Task details » In your copy, reproduce the entries exactly as they are, minus the images.

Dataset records
>>>

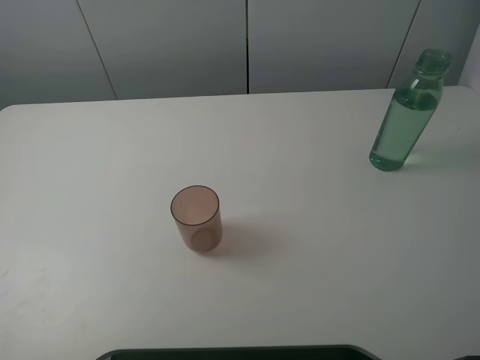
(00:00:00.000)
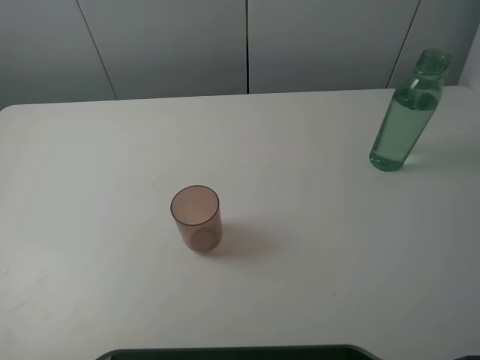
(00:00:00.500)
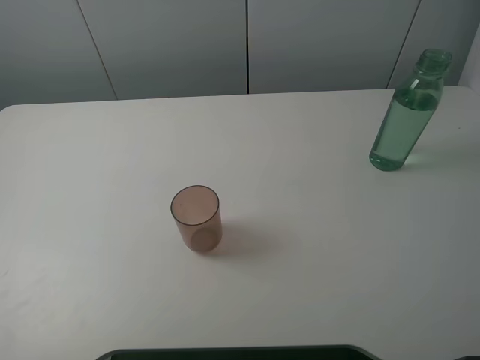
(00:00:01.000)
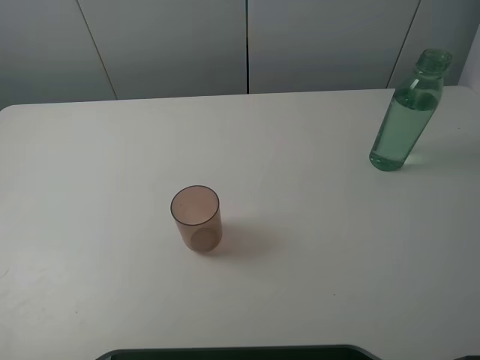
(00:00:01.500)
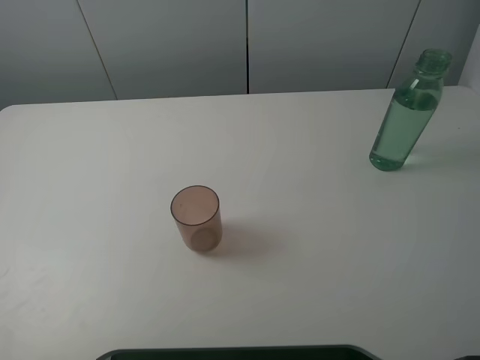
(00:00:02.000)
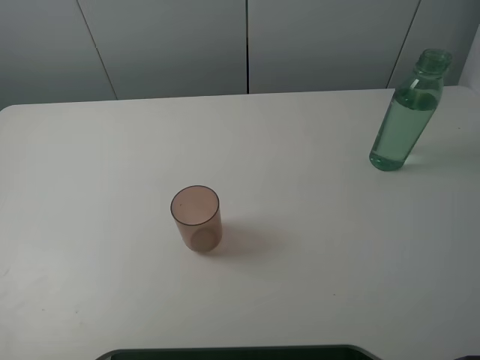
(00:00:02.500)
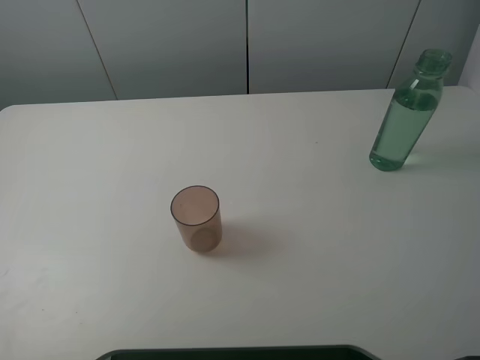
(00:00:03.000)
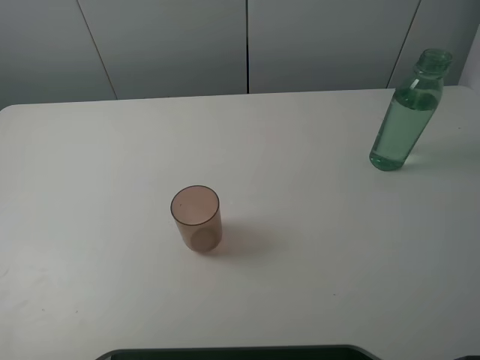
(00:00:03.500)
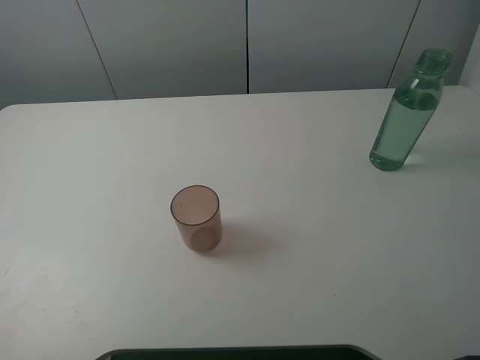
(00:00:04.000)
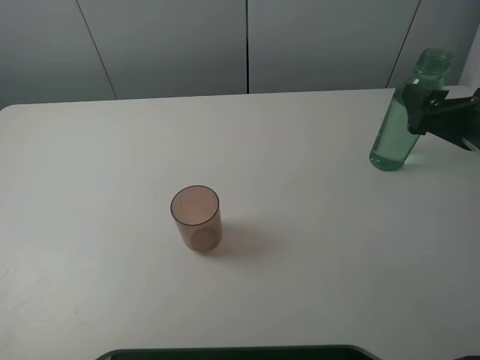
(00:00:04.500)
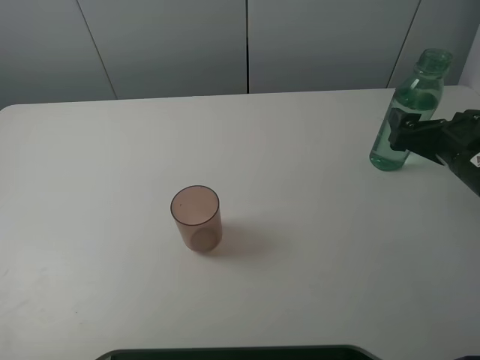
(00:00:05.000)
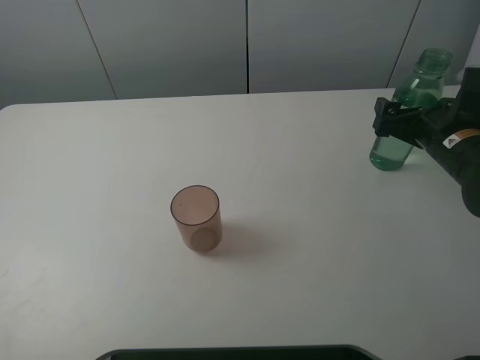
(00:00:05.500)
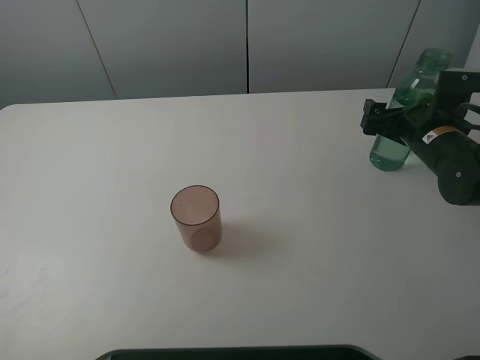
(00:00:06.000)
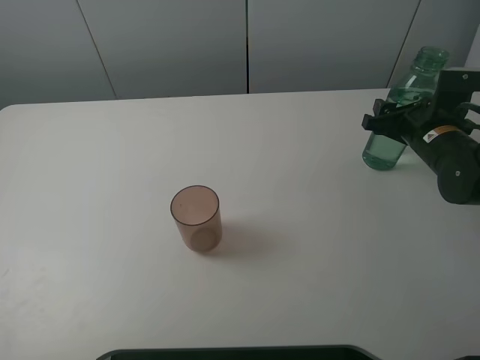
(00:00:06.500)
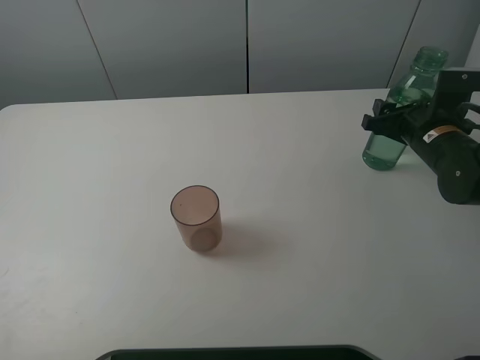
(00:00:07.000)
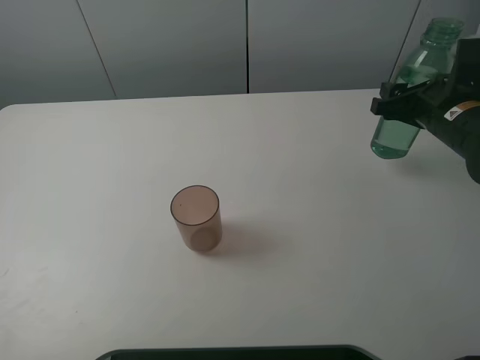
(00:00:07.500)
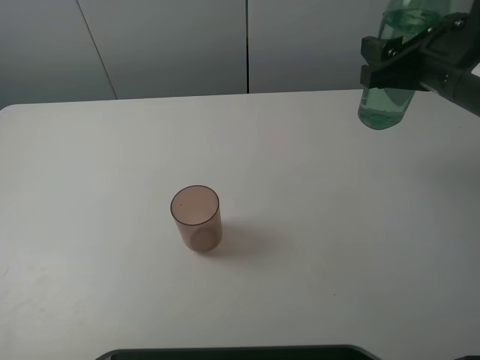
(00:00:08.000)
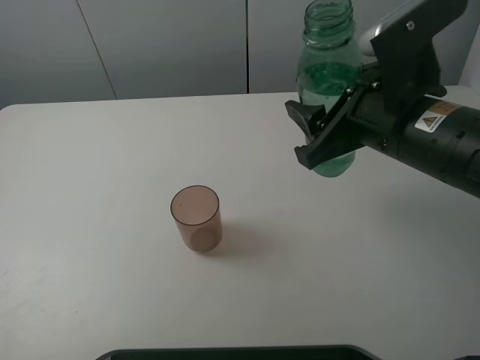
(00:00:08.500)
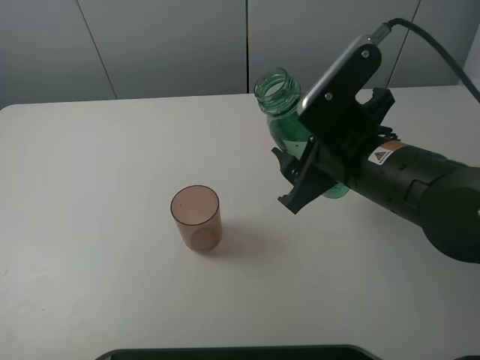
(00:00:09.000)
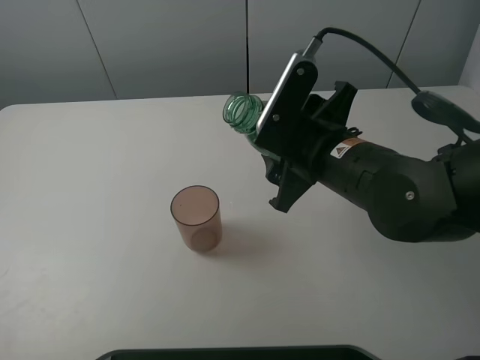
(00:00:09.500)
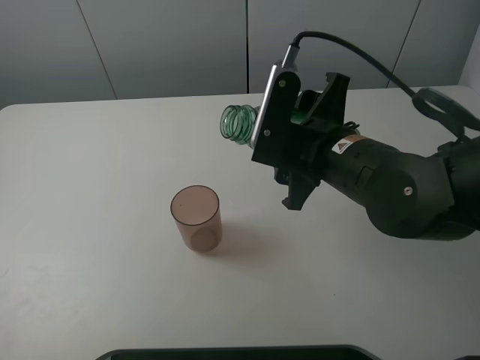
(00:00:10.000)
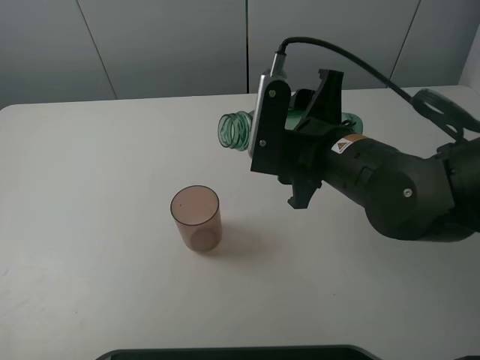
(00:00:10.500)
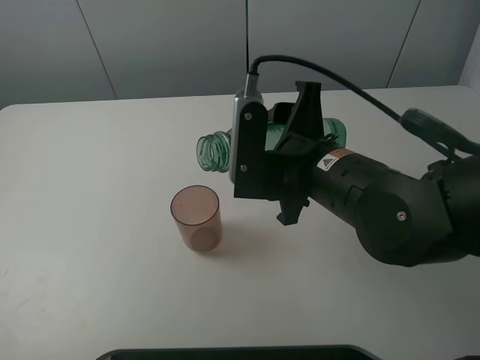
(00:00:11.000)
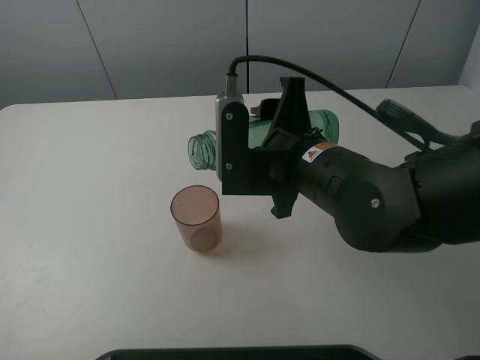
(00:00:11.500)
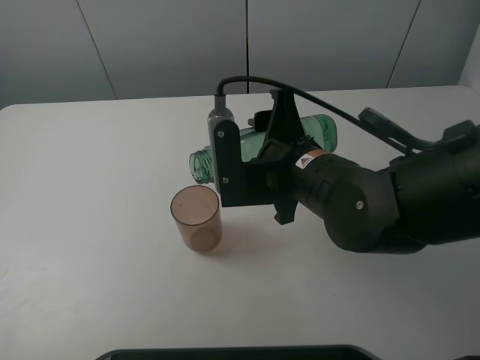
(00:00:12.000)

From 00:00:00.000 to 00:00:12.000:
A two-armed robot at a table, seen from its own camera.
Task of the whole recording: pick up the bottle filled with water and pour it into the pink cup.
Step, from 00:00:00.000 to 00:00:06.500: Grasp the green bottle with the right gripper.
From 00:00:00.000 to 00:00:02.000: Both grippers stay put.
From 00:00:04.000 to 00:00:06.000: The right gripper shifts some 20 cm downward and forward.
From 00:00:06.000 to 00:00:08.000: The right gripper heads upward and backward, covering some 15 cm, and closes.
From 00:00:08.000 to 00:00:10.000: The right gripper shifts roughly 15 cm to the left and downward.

<<<

Your response »
(00:00:00.000)
(00:00:00.500)
(00:00:01.000)
(00:00:01.500)
(00:00:02.000)
(00:00:02.500)
(00:00:03.000)
(00:00:03.500)
(00:00:04.000)
(00:00:04.500)
(00:00:05.000)
(00:00:05.500)
(00:00:06.000)
(00:00:06.500)
(00:00:07.000)
(00:00:07.500)
(00:00:08.000)
(00:00:08.500)
(00:00:09.000)
(00:00:09.500)
(00:00:10.000)
(00:00:10.500)
(00:00:11.000)
(00:00:11.500)
(00:00:12.000)

From 00:00:00.000 to 00:00:12.000:
A two-armed robot at a table, seen from its own camera.
Task of the whole recording: pick up the bottle filled with water and pour it into the pink cup.
Step, from 00:00:00.000 to 00:00:06.500: Grasp the green bottle with the right gripper.
From 00:00:00.000 to 00:00:02.000: Both grippers stay put.
From 00:00:04.000 to 00:00:06.000: The right gripper shifts some 20 cm downward and forward.
From 00:00:06.000 to 00:00:08.000: The right gripper heads upward and backward, covering some 15 cm, and closes.
From 00:00:08.000 to 00:00:10.000: The right gripper shifts roughly 15 cm to the left and downward.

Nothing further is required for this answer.